§ **REQUIREMENT**
Which lines in the records below include the word "font"? Report each of them in full.

§ **Data entries**
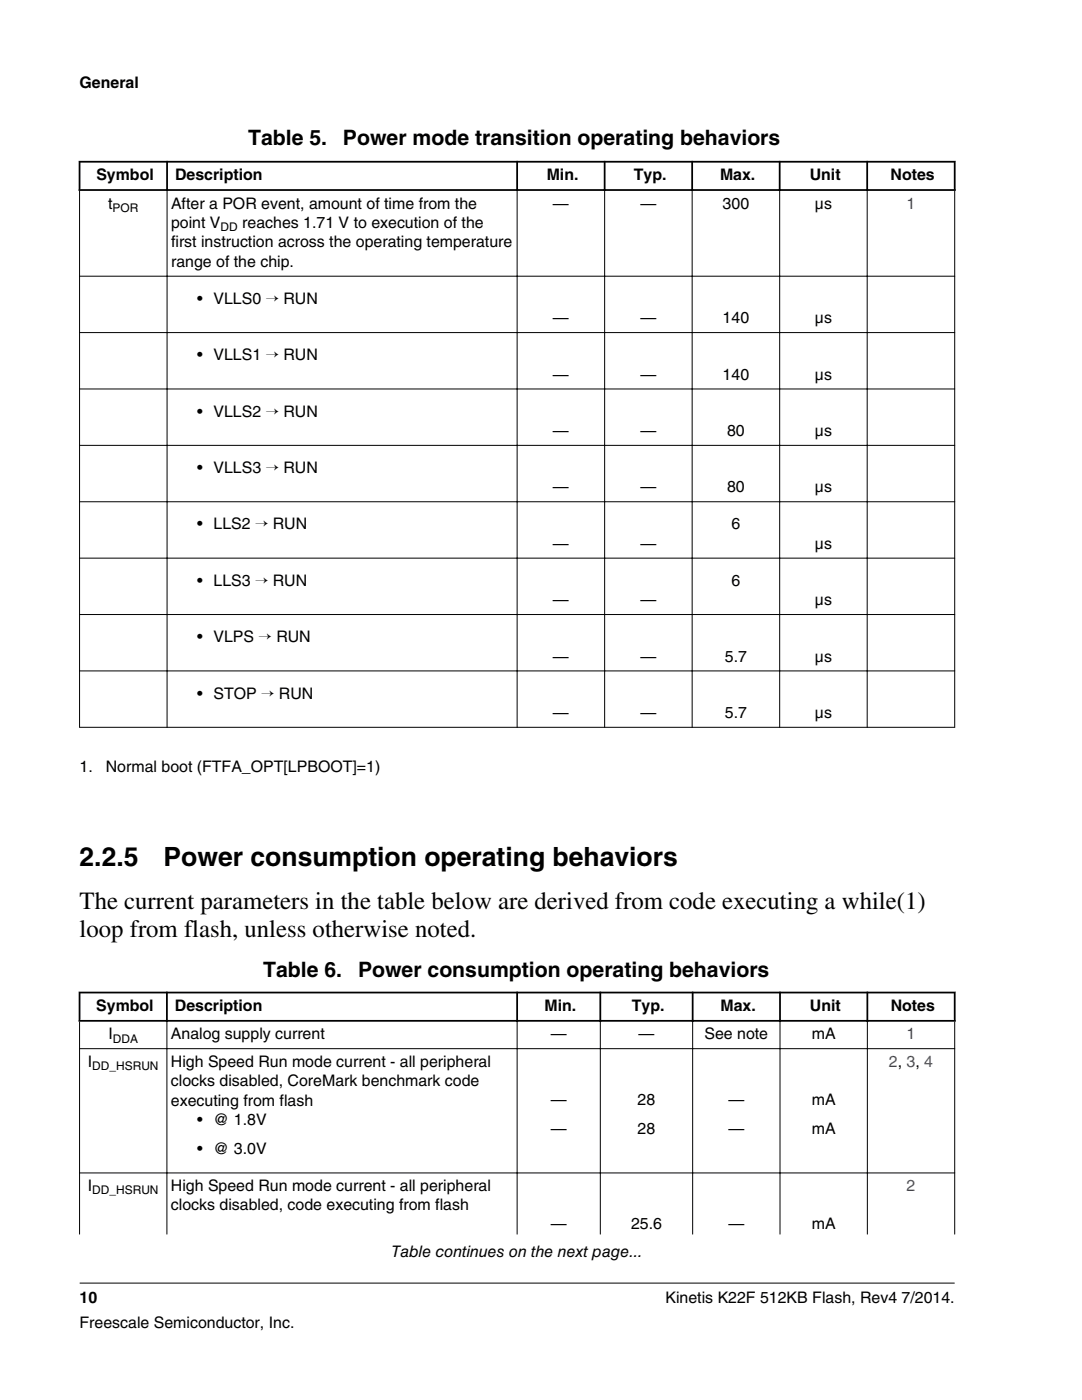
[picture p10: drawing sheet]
<svg xmlns="http://www.w3.org/2000/svg" width="216mm" height="279mm" viewBox="0 0 216 279" stroke-linecap="round" stroke-linejoin="round" font-family="sans-serif">
<defs><g id="words">
<g font-size="5.3">
<text x="15.9" y="172.8">2.2.5</text>
<text x="32.6" y="172.8">Power consumption operating behaviors</text>
</g>
<g font-size="4.9">
<text x="15.9" y="181.3">The current parameters in the table below are derived from code executing a while(1)</text>
<text x="15.9" y="187">loop from flash, unless otherwise noted.</text>
</g>
<g font-size="4.2">
<text x="49.5" y="29">Table 5.</text>
<text x="68.4" y="29">Power mode transition operating behaviors</text>
<text x="52.5" y="195">Table 6.</text>
<text x="71.4" y="195">Power consumption operating behaviors</text>
</g>
<g font-size="3.2">
<text x="15.9" y="17.5">General</text>
<text x="19.2" y="36">Symbol</text>
<text x="34.9" y="36">Description</text>
<text x="109.1" y="36">Min.</text>
<text x="126.5" y="36">Typ.</text>
<text x="143.7" y="36">Max.</text>
<text x="161.6" y="36">Unit</text>
<text x="177.7" y="36">Notes</text>
<text x="21.6" y="41.6">t</text>
<text x="34.1" y="41.6">After a POR event, amount of time from the</text>
<text x="110.3" y="41.6">—</text>
<text x="127.8" y="41.6">—</text>
<text x="144.2" y="41.6">300</text>
<text x="162.6" y="41.6">μs</text>
<text x="34.1" y="45.5">point V</text>
<text x="48.3" y="45.5">reaches 1.71 V to execution of the</text>
<text x="34.1" y="49.4">first instruction across the operating temperature</text>
<text x="34.1" y="53.3">range of the chip.</text>
<text x="39.4" y="60.6">• VLLS0 → RUN</text>
<text x="110.3" y="64.5">—</text>
<text x="127.8" y="64.5">—</text>
<text x="144.2" y="64.5">140</text>
<text x="162.6" y="64.5">μs</text>
<text x="39.4" y="71.9">• VLLS1 → RUN</text>
<text x="110.3" y="75.8">—</text>
<text x="127.8" y="75.8">—</text>
<text x="144.2" y="75.8">140</text>
<text x="162.6" y="75.8">μs</text>
<text x="39.4" y="83.1">• VLLS2 → RUN</text>
<text x="110.3" y="87">—</text>
<text x="127.8" y="87">—</text>
<text x="145.1" y="87">80</text>
<text x="162.6" y="87">μs</text>
<text x="39.4" y="94.4">• VLLS3 → RUN</text>
<text x="110.3" y="98.3">—</text>
<text x="127.8" y="98.3">—</text>
<text x="145.1" y="98.3">80</text>
<text x="162.6" y="98.3">μs</text>
<text x="39.4" y="105.6">• LLS2 → RUN</text>
<text x="146" y="105.6">6</text>
<text x="110.3" y="109.5">—</text>
<text x="127.8" y="109.5">—</text>
<text x="162.6" y="109.5">μs</text>
<text x="39.4" y="116.9">• LLS3 → RUN</text>
<text x="146" y="116.9">6</text>
<text x="110.3" y="120.8">—</text>
<text x="127.8" y="120.8">—</text>
<text x="162.6" y="120.8">μs</text>
<text x="39.4" y="128.2">• VLPS → RUN</text>
<text x="110.3" y="132">—</text>
<text x="127.8" y="132">—</text>
<text x="144.6" y="132">5.7</text>
<text x="162.6" y="132">μs</text>
<text x="39.4" y="139.4">• STOP → RUN</text>
<text x="110.3" y="143.3">—</text>
<text x="127.8" y="143.3">—</text>
<text x="144.6" y="143.3">5.7</text>
<text x="162.6" y="143.3">μs</text>
<text x="15.9" y="154">1.</text>
<text x="21.1" y="154">Normal boot (FTFA_OPT[LPBOOT]=1)</text>
<text x="19.2" y="201.8">Symbol</text>
<text x="34.9" y="201.8">Description</text>
<text x="108.7" y="201.8">Min.</text>
<text x="126.1" y="201.8">Typ.</text>
<text x="143.8" y="201.8">Max.</text>
<text x="161.6" y="201.8">Unit</text>
<text x="177.7" y="201.8">Notes</text>
<text x="21.6" y="207.4">I</text>
<text x="34.1" y="207.4">Analog supply current</text>
<text x="109.9" y="207.4">—</text>
<text x="127.4" y="207.4">—</text>
<text x="140.6" y="207.4">See note</text>
<text x="162" y="207.4">mA</text>
<text x="17.5" y="212.9">I</text>
<text x="34.1" y="212.9">High Speed Run mode current - all peripheral</text>
<text x="34.1" y="216.8">clocks disabled, CoreMark benchmark code</text>
<text x="34.1" y="220.7">executing from flash</text>
<text x="109.9" y="220.5">—</text>
<text x="127.2" y="220.5">28</text>
<text x="145.3" y="220.5">—</text>
<text x="162" y="220.5">mA</text>
<text x="39.3" y="224.5">• @ 1.8V</text>
<text x="109.9" y="226.3">—</text>
<text x="127.2" y="226.3">28</text>
<text x="145.3" y="226.3">—</text>
<text x="162" y="226.3">mA</text>
<text x="39.3" y="230.3">• @ 3.0V</text>
<text x="17.5" y="237.7">I</text>
<text x="34.1" y="237.7">High Speed Run mode current - all peripheral</text>
<text x="34.1" y="241.6">clocks disabled, code executing from flash</text>
<text x="109.9" y="245.3">—</text>
<text x="125.9" y="245.3">25.6</text>
<text x="145.3" y="245.3">—</text>
<text x="162" y="245.3">mA</text>
<text x="78.1" y="251">Table continues on the next page...</text>
<text x="15.9" y="260">10</text>
<text x="132.8" y="260">Kinetis K22F 512KB Flash, Rev4 7/2014.</text>
<text x="15.9" y="265">Freescale Semiconductor, Inc.</text>
</g>
<g font-size="3.2" fill="#00f">
<text x="180.9" y="41.6">1</text>
<text x="180.9" y="207.4">1</text>
<text x="177.4" y="212.9">2, 3, 4</text>
<text x="180.9" y="237.7">2</text>
</g>
<g font-size="2.4">
<text x="22.5" y="42.3">POR</text>
<text x="44" y="46.1">DD</text>
<text x="22.5" y="208.1">DDA</text>
<text x="18.4" y="213.5">DD_HSRUN</text>
<text x="18.4" y="238.3">DD_HSRUN</text>
</g>
</g></defs>
<path d="M15.7 32.3h175M15.7 37.9h175M15.9 32.1v6M33.3 32.1v6M103.2 32.1v6M120.6 32.1v6M138.1 32.1v6M155.6 32.1v6M173 32.1v6M190.5 32.1v6" fill="none" stroke="#000" stroke-width=".35"/>
<g fill="none" stroke="#000" stroke-width=".2">
<path d="M15.9 38.1v107.1M33.3 37.7v107.5M103.2 37.7v107.5M120.6 37.7v107.5M138.1 37.7v107.5M155.6 37.7v107.5M173 37.7v107.5M190.5 38.1v107.1M15.8 55.1h174.8M15.8 66.4h174.8M15.8 77.6h174.8M15.8 88.9h174.8"/>
<path d="M15.8 100.1h174.8M15.8 111.4h174.8M15.8 122.6h174.8M15.8 133.9h174.8M15.8 145.2h174.8"/>
</g>
<g fill="#fff">
<path d="M15.9 191.4h174.6v60.6h-174.6z" fill-rule="evenodd"/>
<path d="M16.1 198.3h17v5.3h-17z" fill-rule="evenodd"/>
<path d="M33.5 198.3h69.5v5.3h-69.5z" fill-rule="evenodd"/>
<path d="M103.4 198.3h16.2v5.3h-16.2z" fill-rule="evenodd"/>
<path d="M120 198.3h18v5.3h-18z" fill-rule="evenodd"/>
<path d="M138.4 198.3h17.1v5.3h-17.1z" fill-rule="evenodd"/>
<path d="M155.8 198.3h17.1v5.3h-17.1z" fill-rule="evenodd"/>
<path d="M173.2 198.3h17.1v5.3h-17.1z" fill-rule="evenodd"/>
<path d="M16 203.9h17.2v5.3h-17.2z" fill-rule="evenodd"/>
<path d="M33.4 203.9h69.7v5.3h-69.7z" fill-rule="evenodd"/>
<path d="M103.3 203.9h16.4v5.3h-16.4z" fill-rule="evenodd"/>
<path d="M119.9 203.9h18.2v5.3h-18.2z" fill-rule="evenodd"/>
<path d="M138.3 203.9h17.3v5.3h-17.3z" fill-rule="evenodd"/>
<path d="M155.7 203.9h17.3v5.3h-17.3z" fill-rule="evenodd"/>
<path d="M173.2 203.9h17.2v5.3h-17.2z" fill-rule="evenodd"/>
<path d="M16 209.4h17.2v24.6h-17.2z" fill-rule="evenodd"/>
<path d="M33.4 209.4h69.7v24.6h-69.7z" fill-rule="evenodd"/>
<path d="M103.3 209.4h16.4v24.6h-16.4z" fill-rule="evenodd"/>
<path d="M119.9 209.4h18.2v24.6h-18.2z" fill-rule="evenodd"/>
<path d="M138.3 209.4h17.3v24.6h-17.3z" fill-rule="evenodd"/>
<path d="M155.7 209.4h17.3v24.6h-17.3z" fill-rule="evenodd"/>
<path d="M173.2 209.4h17.2v24.6h-17.2z" fill-rule="evenodd"/>
<path d="M16 234.2h17.2v12.2h-17.2z" fill-rule="evenodd"/>
<path d="M33.4 234.2h69.7v12.2h-69.7z" fill-rule="evenodd"/>
<path d="M103.3 234.2h16.4v12.2h-16.4z" fill-rule="evenodd"/>
<path d="M119.9 234.2h18.2v12.2h-18.2z" fill-rule="evenodd"/>
<path d="M138.3 234.2h17.3v12.2h-17.3z" fill-rule="evenodd"/>
<path d="M155.7 234.2h17.3v12.2h-17.3z" fill-rule="evenodd"/>
<path d="M173.2 234.2h17.2v12.2h-17.2z" fill-rule="evenodd"/>
</g>
<path d="M15.7 198.1h175M15.9 197.9v6M33.3 197.9v6M103.2 197.9v6M119.8 197.9v6M138.2 197.9v6M155.6 197.9v6M173.1 197.9v6M190.5 197.9v6M15.7 203.7h175" fill="none" stroke="#000" stroke-width=".35"/>
<path d="M15.8 209.3h174.8M15.9 203.9v42.5M33.3 203.5v42.9M103.2 203.5v42.9M119.8 203.5v42.9M138.2 203.5v42.9M155.6 203.5v42.9M173.1 203.5v42.9M190.5 203.9v42.5M15.8 234.1h174.8M15.9 256.1h174.6" fill="none" stroke="#000" stroke-width=".2"/>
<use href="#words"/>
</svg>

§ **SOLUTION TO THE PROBLEM**
<svg xmlns="http://www.w3.org/2000/svg" width="216mm" height="279mm" viewBox="0 0 216 279" stroke-linecap="round" stroke-linejoin="round" font-family="sans-serif">
<g font-size="5.3">
<g font-size="4.9">
<g font-size="4.2">
<g font-size="3.2">
<g font-size="3.2" fill="#00f">
<g font-size="2.4">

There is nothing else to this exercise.